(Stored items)

########################################

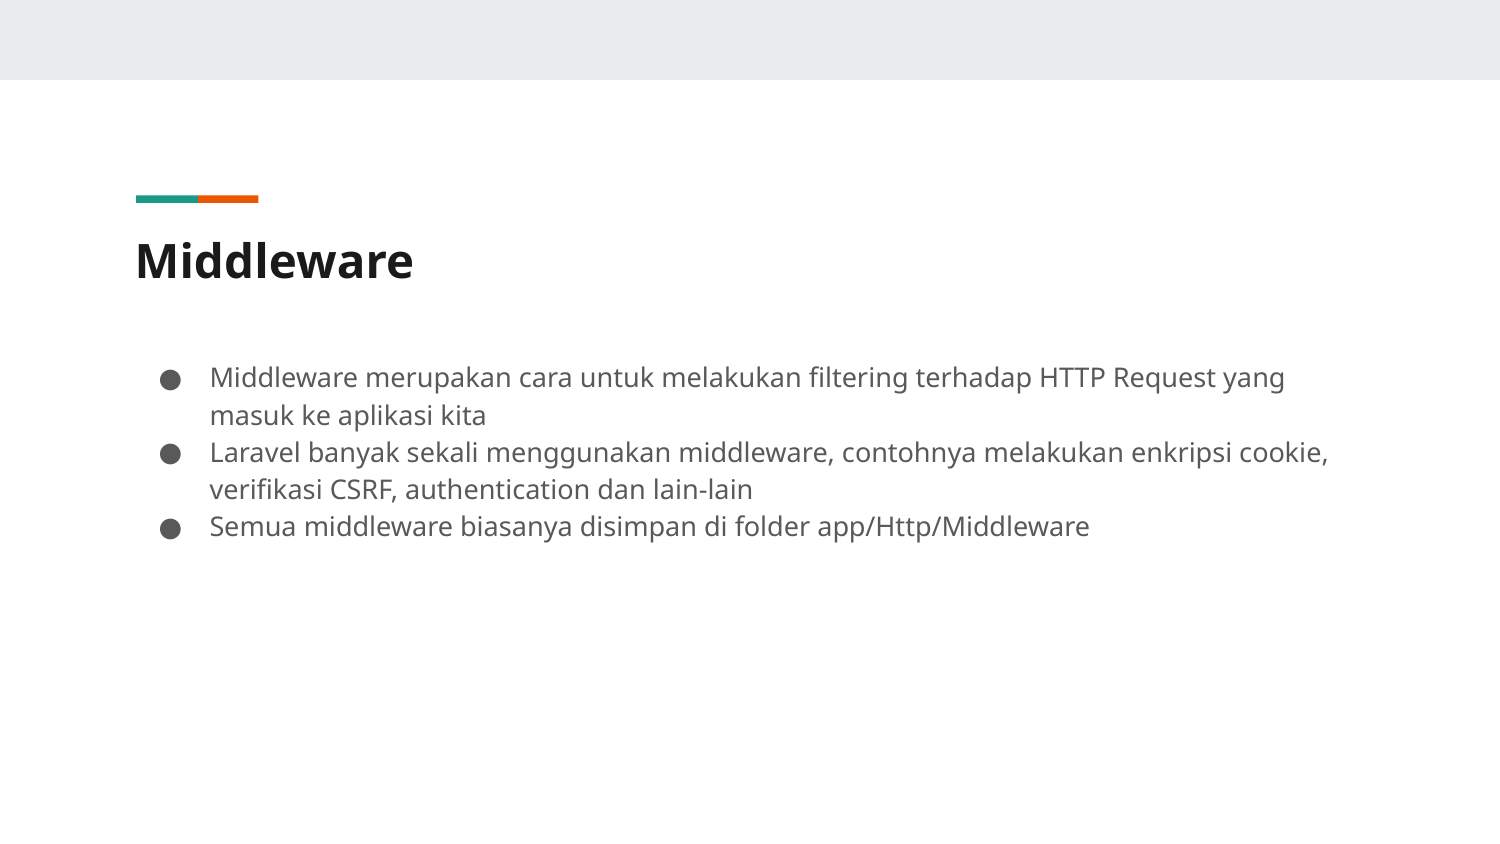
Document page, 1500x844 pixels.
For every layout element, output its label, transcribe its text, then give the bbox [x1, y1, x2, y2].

list Middleware merupakan cara untuk melakukan filtering terhadap HTTP Request yang masuk ke aplikasi kita Laravel banyak sekali menggunakan middleware, contohnya melakukan enkripsi cookie, verifikasi CSRF, authentication dan lain-lain Semua middleware biasanya disimpan di folder app/Http/Middleware [119, 341, 1381, 712]
title Middleware [119, 216, 1381, 305]
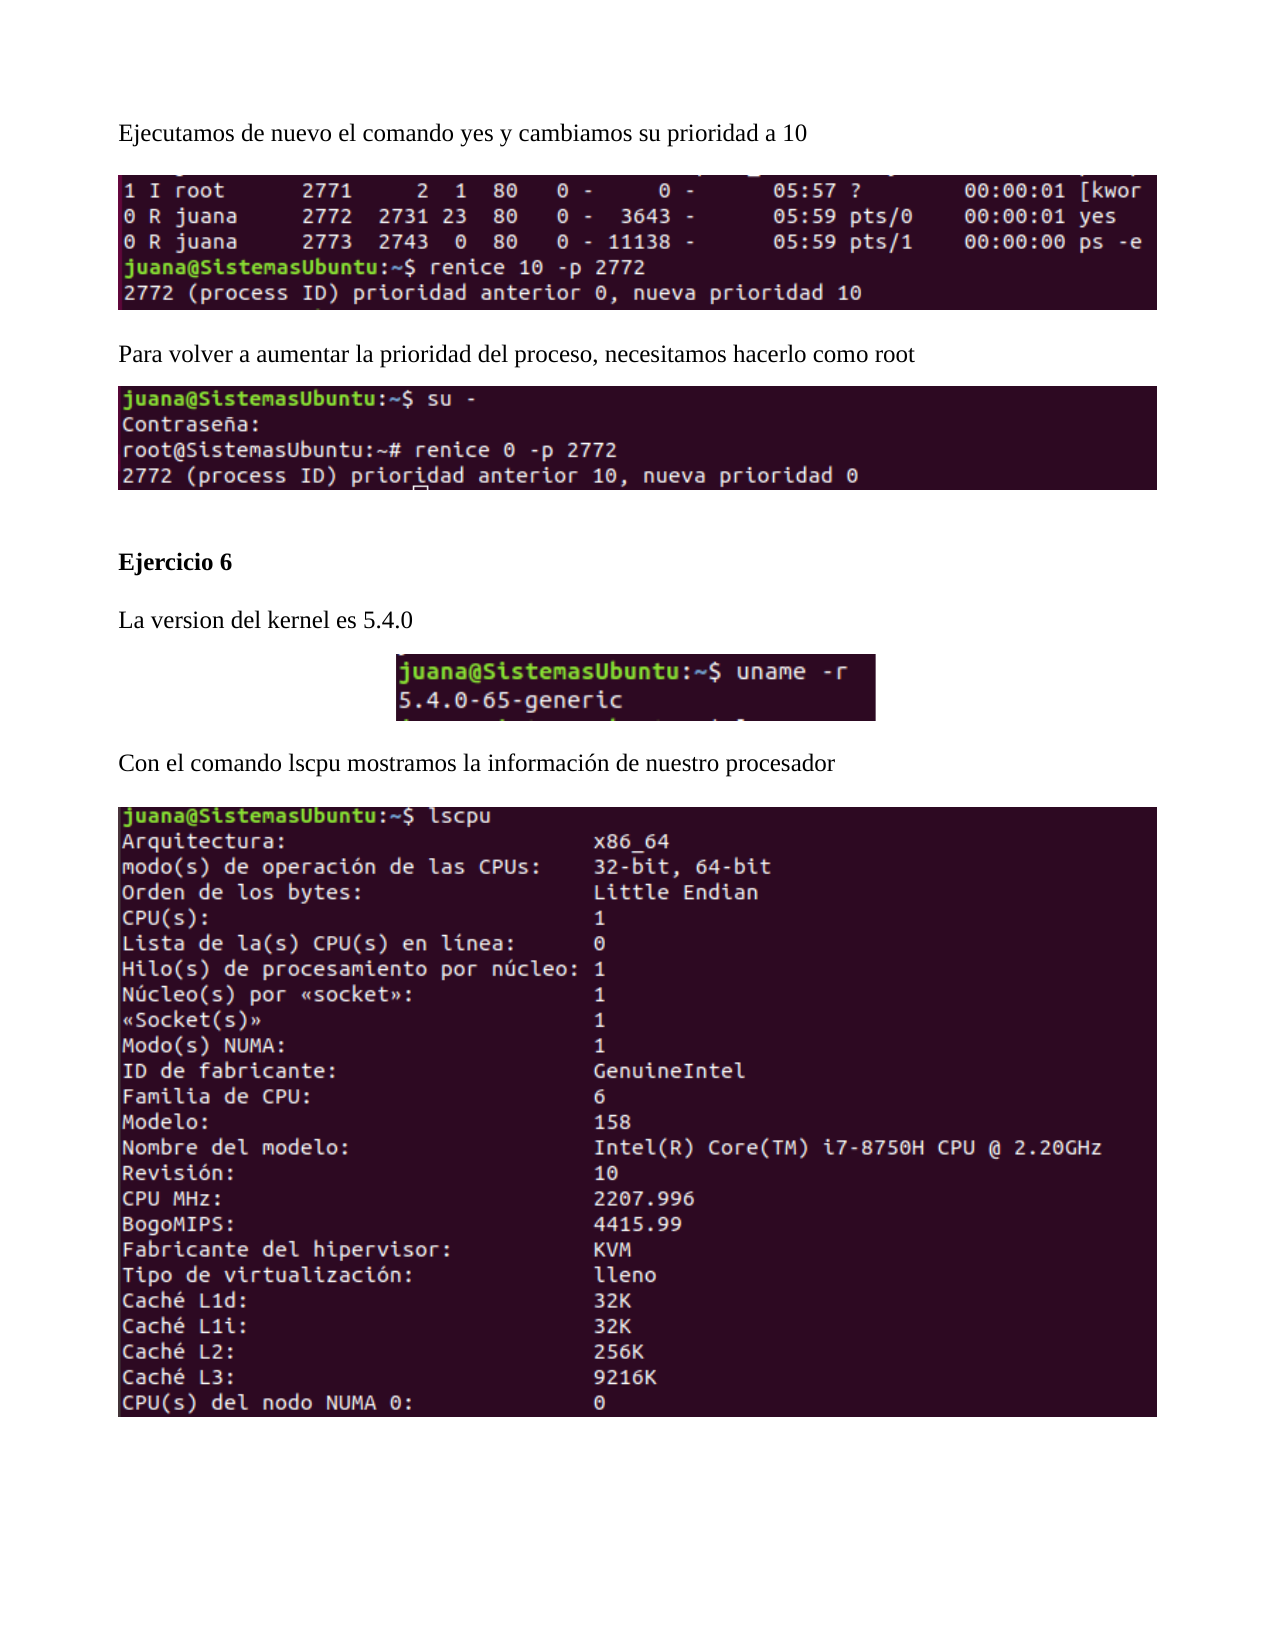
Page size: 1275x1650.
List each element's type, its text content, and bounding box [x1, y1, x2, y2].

text Ejercicio 6 [118, 547, 1157, 576]
text Ejecutamos de nuevo el comando yes y cambiamos su prioridad a 10 [118, 118, 1157, 147]
text Para volver a aumentar la prioridad del proceso, necesitamos hacerlo como root [118, 339, 1157, 367]
picture [118, 175, 1157, 310]
text Con el comando lscpu mostramos la información de nuestro procesador [118, 748, 1157, 777]
picture [396, 654, 876, 721]
picture [118, 807, 1157, 1417]
picture [118, 386, 1157, 490]
text La version del kernel es 5.4.0 [118, 605, 1157, 633]
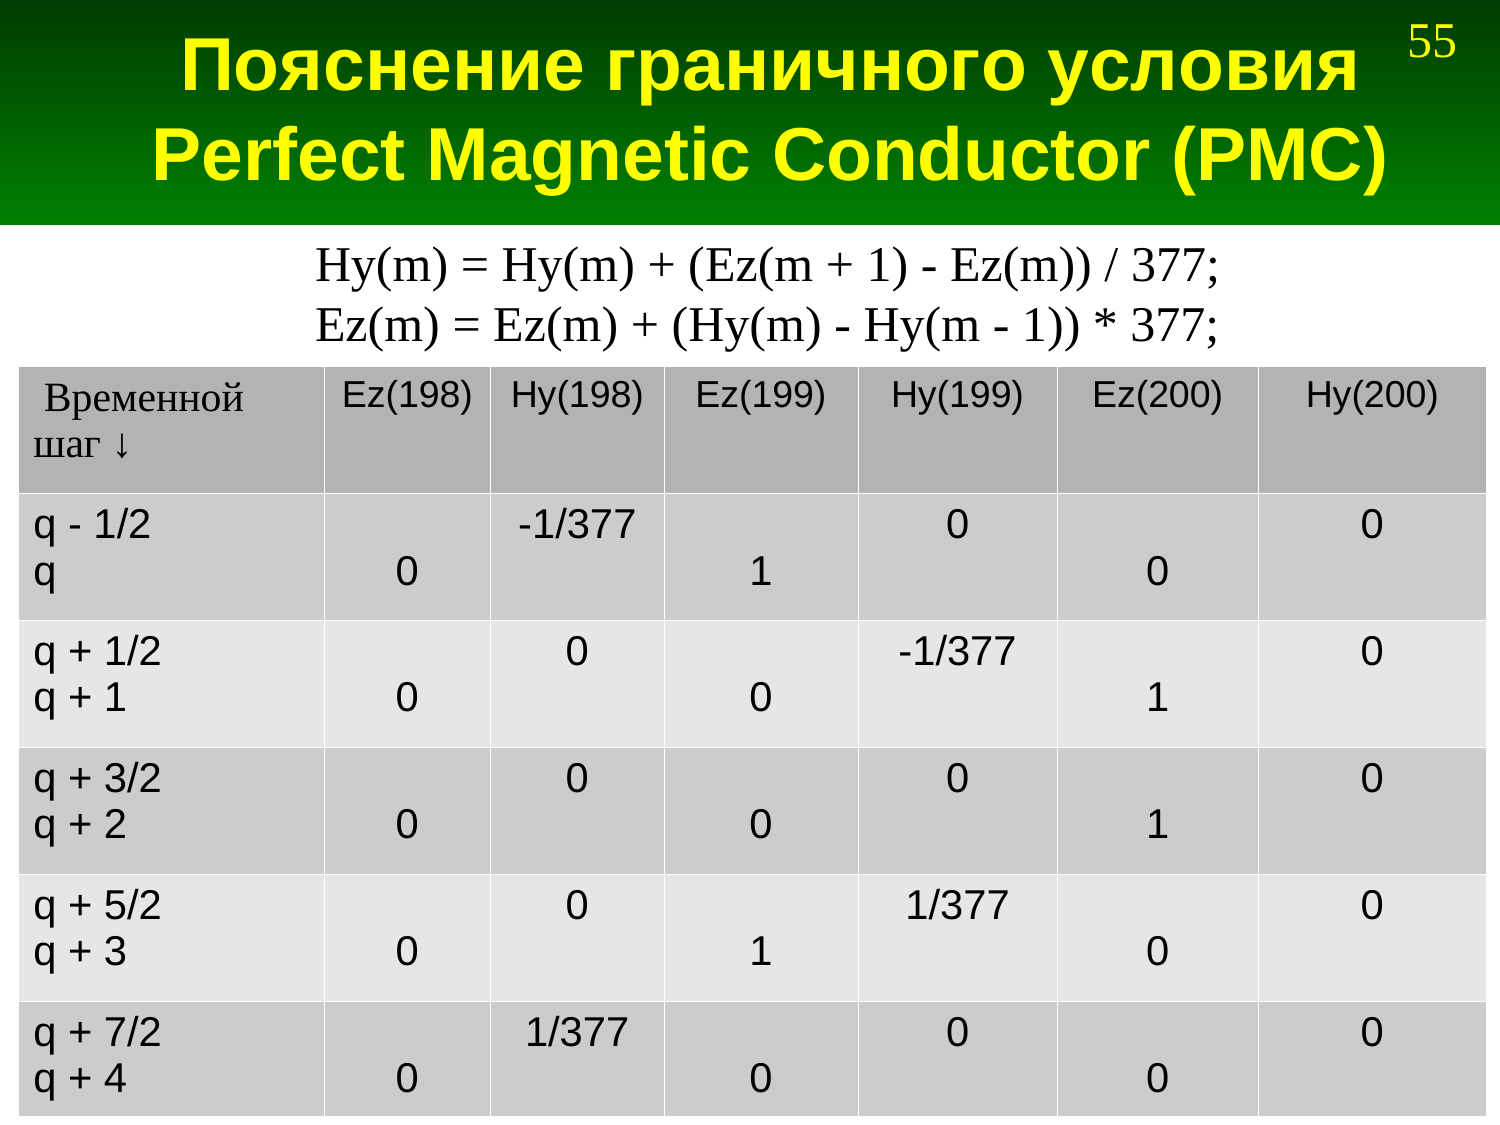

########################################

Activity = Starting at the line containing "For every layout" and stopping at the line containing "Page size: 1275x1650.", output each line exactly as it appears above. Leave out the pictures.

Output of the exercise =
For every layout element, output its label, transcribe its text, then give the bbox [x1, y1, x2, y2].

list Middleware merupakan cara untuk melakukan filtering terhadap HTTP Request yang masuk ke aplikasi kita Laravel banyak sekali menggunakan middleware, contohnya melakukan enkripsi cookie, verifikasi CSRF, authentication dan lain-lain Semua middleware biasanya disimpan di folder app/Http/Middleware [119, 341, 1381, 712]
title Middleware [119, 216, 1381, 305]
Page size: 1275x1650.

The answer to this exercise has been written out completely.